GMGT Shareholder vs Stakeholder

Overview of Shareholder and Stakeholder Perspectives

  • Concepts Introduced: Shareholder primacy vs. stakeholder engagement in business management.
  • Milton Friedman's Perspective: Managers act as agents of shareholders, focusing solely on increasing shareholder value.
  • Emerging Trend: Shift towards stakeholder approach—managers creating value for all stakeholders, not just shareholders.

Shareholder Primacy

  • Definition: The principle that the primary responsibility of a business is to maximize returns for its shareholders.
  • Major Arguments:
    • Shareholders are the primary investors and deserve a return on investment.
    • Managers are agents that handle investments given by shareholders.

Stakeholder Approach

  • Definition: A holistic view that considers impacts on all stakeholders, including employees, customers, suppliers, and communities.
  • Emerging Perspectives:
    • Business operations affect various groups, and managers have a duty to consider these impacts.
    • The importance of building relationships with stakeholders for sustainable success.
  • Key Consequences:
    • Creates potential conflict as shareholders demand heightened attention while other stakeholders also vie for consideration.
    • Influences managerial strategies and decision-making.

Definitions and Classifications of Stakeholders

  • Stakeholders: Any individuals or groups adversely affected by a firm's decisions, including:

    • Employees
    • Customers
    • Suppliers
    • Communities
    • Government entities
    • Shareholders and creditors.
  • Stake Categories:

    • Interests: Affected by decisions without necessarily having ownership rights.
    • Rights: Legal or moral claims to a specific outcome from decisions made.
    • Ownership: Legal titles or shares in a company’s assets.

Stakeholder Mapping and Analysis

  • Purpose of Stakeholder Mapping: To visualize and strategize how to engage with various stakeholders.
  • Common Classification Systems:
    • Primary vs.
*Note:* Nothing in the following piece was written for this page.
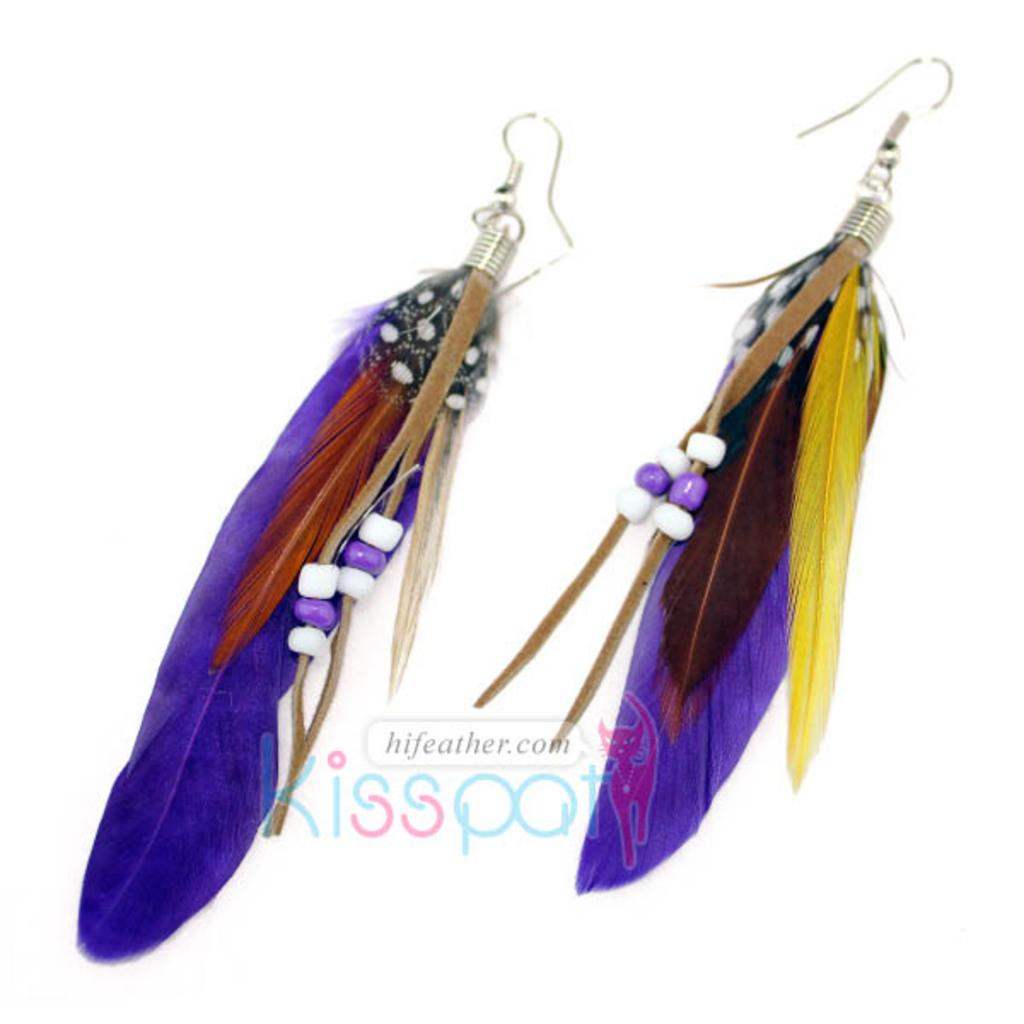What type of accessory is featured in the image? There are two earrings in the image. Can you describe the appearance of the image? The image appears to be edited. What is written at the bottom of the image? There is text at the bottom of the image. What color is the background of the image? The background of the image is white. How many friends are visible in the image? There are no friends visible in the image; it features earrings and text. What type of power source is required for the earrings to function? The earrings are accessories and do not require a power source to function. 
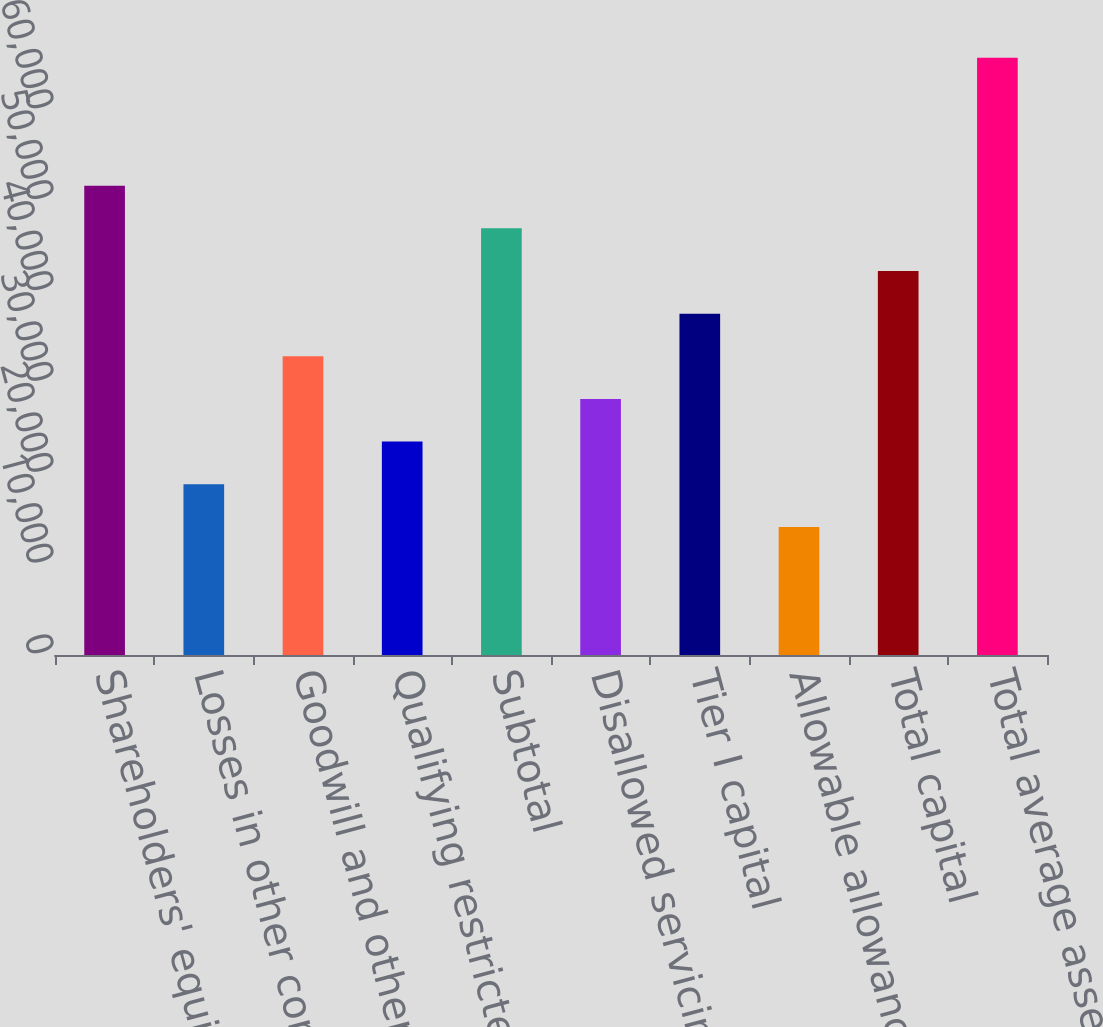Convert chart to OTSL. <chart><loc_0><loc_0><loc_500><loc_500><bar_chart><fcel>Shareholders' equity<fcel>Losses in other comprehensive<fcel>Goodwill and other intangible<fcel>Qualifying restricted core<fcel>Subtotal<fcel>Disallowed servicing assets<fcel>Tier I capital<fcel>Allowable allowance for loan<fcel>Total capital<fcel>Total average assets<nl><fcel>51660.1<fcel>18789.1<fcel>32876.7<fcel>23485<fcel>46964.2<fcel>28180.8<fcel>37572.5<fcel>14093.2<fcel>42268.3<fcel>65747.6<nl></chart>

Secondary Stakeholders: Those directly involved with economic transactions vs. those with influence but not directly engaged financially.
    • Normative vs. Derivative Stakeholders:
    • Normative Stakeholders: Those who voluntarily engage in mutually beneficial cooperation.
    • Derivative Stakeholders: Those who could be impacted but are not actively recognized by the firm.
    • Market vs. Non-Market Stakeholders: Focus on either economic transactions or societal impacts.
    • Internal vs. External Stakeholders: Dividing stakeholders based on their connection to the organization.

The Stakeholder Map Example: Tim Hortons Restaurant Franchise

  • Stakeholders Identified:
    • Creditors and Lenders: Financial stakeholders influencing business operations.
    • Local Charities: Benefiting through community support initiatives.
    • Employees: Impacted by organizational decisions.

Importance of Stakeholder Analysis

  • Strategies for Engagement: Understand and evaluate stakeholders based on levels of interest and power to improve decision-making.
  • Potential Outcomes:
    • High power, high interest stakeholders require close management; high power, low interest stakeholders must be satisfied; and those with low power, low interest should merely be monitored to avoid unforeseen consequences.
  • Illustration of Transition: Stakeholders can shift from low power and interest to high power and interest unexpectedly.